## Records to process

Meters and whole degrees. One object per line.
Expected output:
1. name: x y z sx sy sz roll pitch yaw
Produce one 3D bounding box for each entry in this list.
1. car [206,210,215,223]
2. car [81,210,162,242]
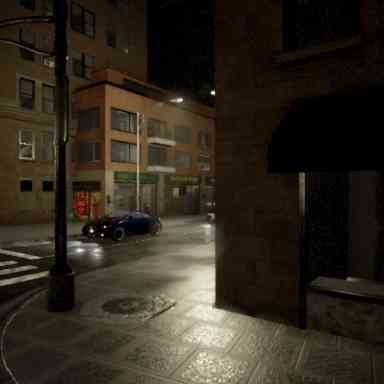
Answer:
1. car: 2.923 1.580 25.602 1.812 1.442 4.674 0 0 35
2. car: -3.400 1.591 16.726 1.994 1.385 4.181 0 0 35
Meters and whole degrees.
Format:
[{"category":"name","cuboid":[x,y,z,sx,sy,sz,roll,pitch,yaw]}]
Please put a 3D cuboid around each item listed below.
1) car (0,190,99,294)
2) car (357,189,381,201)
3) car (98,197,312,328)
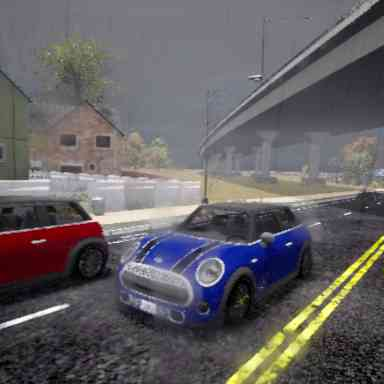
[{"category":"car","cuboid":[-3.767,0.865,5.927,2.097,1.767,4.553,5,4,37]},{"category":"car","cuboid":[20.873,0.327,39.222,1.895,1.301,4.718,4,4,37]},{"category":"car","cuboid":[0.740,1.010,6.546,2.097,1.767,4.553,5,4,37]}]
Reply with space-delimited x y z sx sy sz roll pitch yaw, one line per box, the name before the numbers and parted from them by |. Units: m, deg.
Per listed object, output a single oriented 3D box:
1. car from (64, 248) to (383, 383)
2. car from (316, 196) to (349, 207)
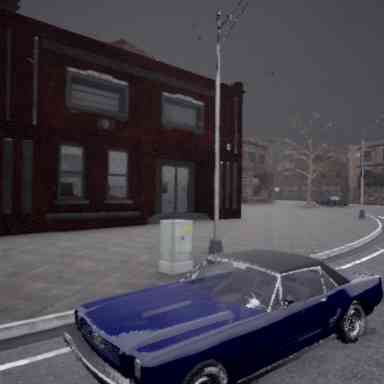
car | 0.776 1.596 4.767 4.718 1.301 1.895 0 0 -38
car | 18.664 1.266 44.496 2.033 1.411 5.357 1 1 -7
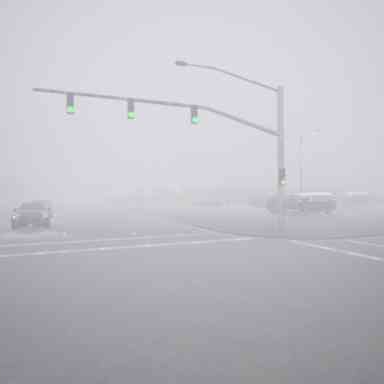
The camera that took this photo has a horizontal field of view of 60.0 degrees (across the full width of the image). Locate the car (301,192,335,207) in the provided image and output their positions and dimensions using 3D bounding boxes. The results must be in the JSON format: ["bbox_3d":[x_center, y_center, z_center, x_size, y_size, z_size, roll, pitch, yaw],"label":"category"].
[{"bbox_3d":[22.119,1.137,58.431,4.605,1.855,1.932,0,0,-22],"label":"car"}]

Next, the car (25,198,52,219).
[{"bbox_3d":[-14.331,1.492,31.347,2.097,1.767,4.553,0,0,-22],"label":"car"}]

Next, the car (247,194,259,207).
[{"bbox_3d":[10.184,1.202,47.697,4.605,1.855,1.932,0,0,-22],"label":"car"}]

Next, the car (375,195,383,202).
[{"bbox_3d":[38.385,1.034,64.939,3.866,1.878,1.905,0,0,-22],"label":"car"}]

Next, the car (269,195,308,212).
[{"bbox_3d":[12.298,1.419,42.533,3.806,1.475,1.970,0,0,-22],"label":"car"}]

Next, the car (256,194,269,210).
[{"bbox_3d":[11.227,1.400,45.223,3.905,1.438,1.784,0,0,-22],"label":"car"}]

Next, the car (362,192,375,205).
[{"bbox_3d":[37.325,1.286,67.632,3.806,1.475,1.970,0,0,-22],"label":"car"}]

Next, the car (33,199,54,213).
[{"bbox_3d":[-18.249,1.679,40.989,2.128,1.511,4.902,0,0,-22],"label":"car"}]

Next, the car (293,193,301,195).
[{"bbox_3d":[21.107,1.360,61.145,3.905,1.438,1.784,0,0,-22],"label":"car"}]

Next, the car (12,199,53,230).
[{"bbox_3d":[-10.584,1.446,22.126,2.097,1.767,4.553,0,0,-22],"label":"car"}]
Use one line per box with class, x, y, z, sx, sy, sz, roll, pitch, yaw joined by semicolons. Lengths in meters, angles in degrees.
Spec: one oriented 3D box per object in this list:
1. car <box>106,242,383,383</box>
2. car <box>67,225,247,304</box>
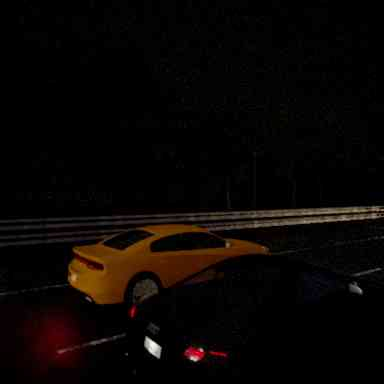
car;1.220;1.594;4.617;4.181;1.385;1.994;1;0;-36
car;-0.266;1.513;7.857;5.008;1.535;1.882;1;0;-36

## Problem statement
Please repeat the lines that run from the one holding "1. car from (64, 248) to (383, 383)" to the last line of the material, both included, exactly and without pictures.

## Response to the exercise
1. car from (64, 248) to (383, 383)
2. car from (316, 196) to (349, 207)
car | 0.776 1.596 4.767 4.718 1.301 1.895 0 0 -38
car | 18.664 1.266 44.496 2.033 1.411 5.357 1 1 -7
The camera that took this photo has a horizontal field of view of 60.0 degrees (across the full width of the image). Locate the car (301,192,335,207) in the provided image and output their positions and dimensions using 3D bounding boxes. The results must be in the JSON format: ["bbox_3d":[x_center, y_center, z_center, x_size, y_size, z_size, roll, pitch, yaw],"label":"category"].
[{"bbox_3d":[22.119,1.137,58.431,4.605,1.855,1.932,0,0,-22],"label":"car"}]

Next, the car (25,198,52,219).
[{"bbox_3d":[-14.331,1.492,31.347,2.097,1.767,4.553,0,0,-22],"label":"car"}]

Next, the car (247,194,259,207).
[{"bbox_3d":[10.184,1.202,47.697,4.605,1.855,1.932,0,0,-22],"label":"car"}]

Next, the car (375,195,383,202).
[{"bbox_3d":[38.385,1.034,64.939,3.866,1.878,1.905,0,0,-22],"label":"car"}]

Next, the car (269,195,308,212).
[{"bbox_3d":[12.298,1.419,42.533,3.806,1.475,1.970,0,0,-22],"label":"car"}]

Next, the car (256,194,269,210).
[{"bbox_3d":[11.227,1.400,45.223,3.905,1.438,1.784,0,0,-22],"label":"car"}]

Next, the car (362,192,375,205).
[{"bbox_3d":[37.325,1.286,67.632,3.806,1.475,1.970,0,0,-22],"label":"car"}]

Next, the car (33,199,54,213).
[{"bbox_3d":[-18.249,1.679,40.989,2.128,1.511,4.902,0,0,-22],"label":"car"}]

Next, the car (293,193,301,195).
[{"bbox_3d":[21.107,1.360,61.145,3.905,1.438,1.784,0,0,-22],"label":"car"}]

Next, the car (12,199,53,230).
[{"bbox_3d":[-10.584,1.446,22.126,2.097,1.767,4.553,0,0,-22],"label":"car"}]
Use one line per box with class, x, y, z, sx, sy, sz, roll, pitch, yaw joined by semicolons. Lengths in meters, angles in degrees.
Spec: one oriented 3D box per object in this list:
1. car <box>106,242,383,383</box>
2. car <box>67,225,247,304</box>
car;1.220;1.594;4.617;4.181;1.385;1.994;1;0;-36
car;-0.266;1.513;7.857;5.008;1.535;1.882;1;0;-36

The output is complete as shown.